The evaluation of the I / O amount saved by using the V2 version of versatile storage SP can be done in many ways. We will run the following T-SQL segment:

SET STATISTICS IO ON
GO
EXEC JackOfAllTrades @SalesOrderID = 43659
GO
EXEC JackOfAllTrades_V2 @SalesOrderID = 43659
GO

Here I use the 'SET STATISTICS IO ON' command so the results of the two currently executing SPs will display the number of I / O each command requires to process the query. Here are the results received:

(12 row (s) affected)
Table 'SalesOrderDetail'. Đang ghi số 1, hợp lệ đọc 264, Physical được đọc 0, read-ahead đọc 0,
hợp lệ lob đã đọc 0, lob Physical đọc 0, lob đọc-trước đọc 0.

(1 row (s) affected)

(12 row (s) affected)
Table 'SalesOrderDetail'. Đang kiểm tra số 1, hợp lệ đọc 3, Physical được đọc 0, read-ahead đọc 0,
hợp lệ lob đã đọc 0, lob Physical đọc 0, lob đọc-trước đọc 0.

(1 row (s) affected)

When looking at the above results, we can see that the performance of the first universal storage SP is 1 scan and 264 logical reads. In contrast, the V2 version has the same number of index scans but only 3 logical reads are required to process the query. The I / O savings are 261. This number does not seem to be towering, but in case you have to call SP back and forth in a loop, for example, the performance will be significantly improved. Noticeable between the two SP versions.

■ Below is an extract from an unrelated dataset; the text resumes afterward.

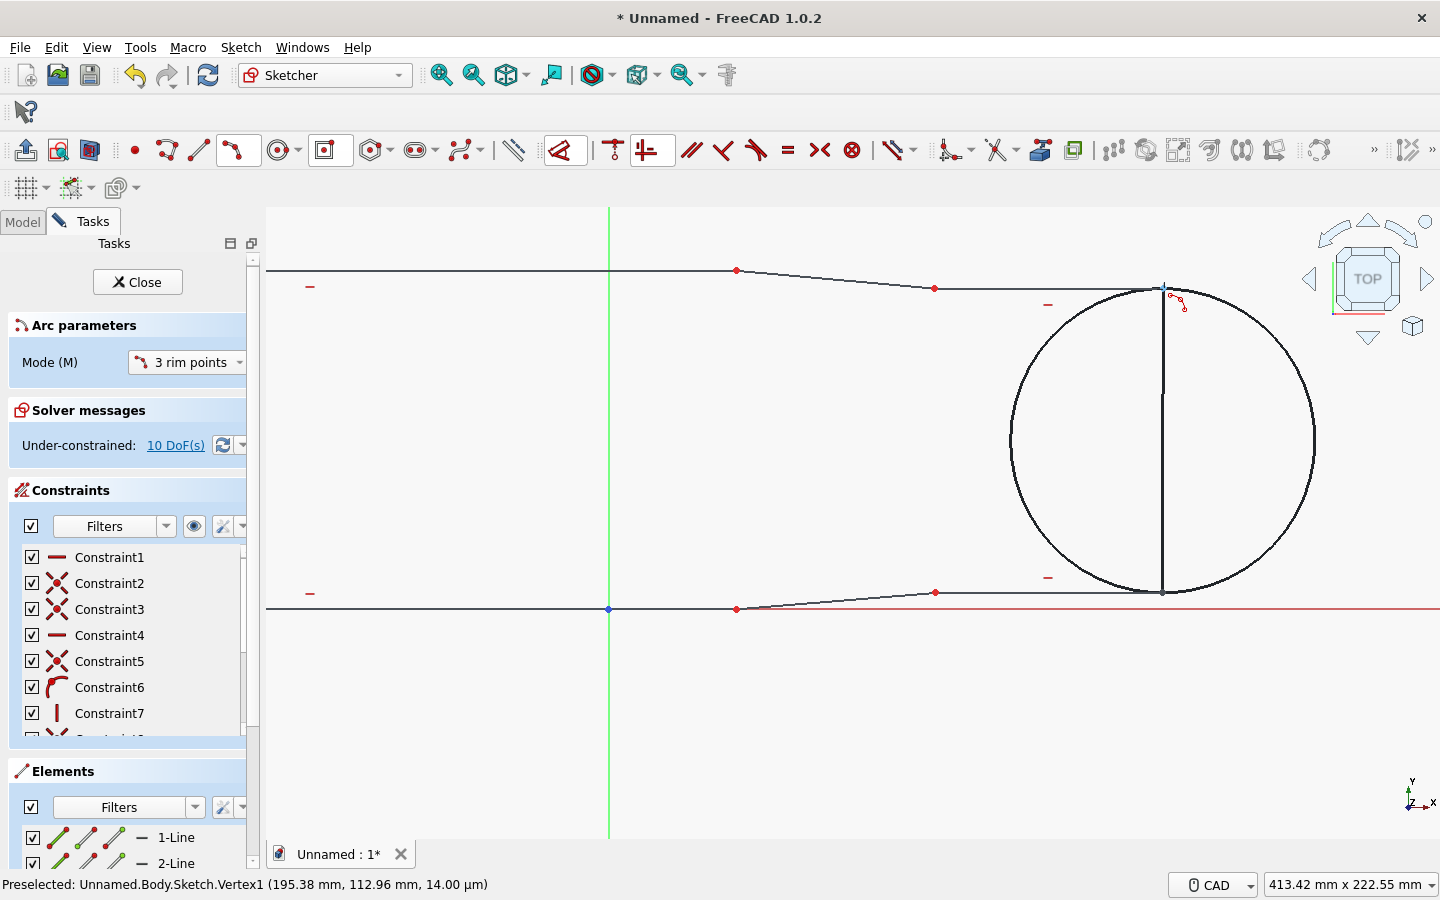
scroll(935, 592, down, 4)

Improve I / O quality by using parameterized dynamic SQL

After reading this section, you need to understand why the SQL server has issued an inefficient implementation diagram. Above the SQL server considered logic '@PARM IS NULL' as a constant. Therefore it is decided to perform an 'index scan' operation to handle the first version of the multi-purpose stored procedure. As we know, scanning (SCAN) is always slower than searching (SEEK). By rewriting the V2 version of versatile storage SP using T-SQL dynamically, I removed the constant expression in the WHERE clause of the T-SQL statement. So the SQL server has found a more correct method that is to use the 'cluster index search' operation. If your site uses a multi-purpose stored procedure, try rewriting it with digitized dynamic SQL and wait to see how the performance will improve.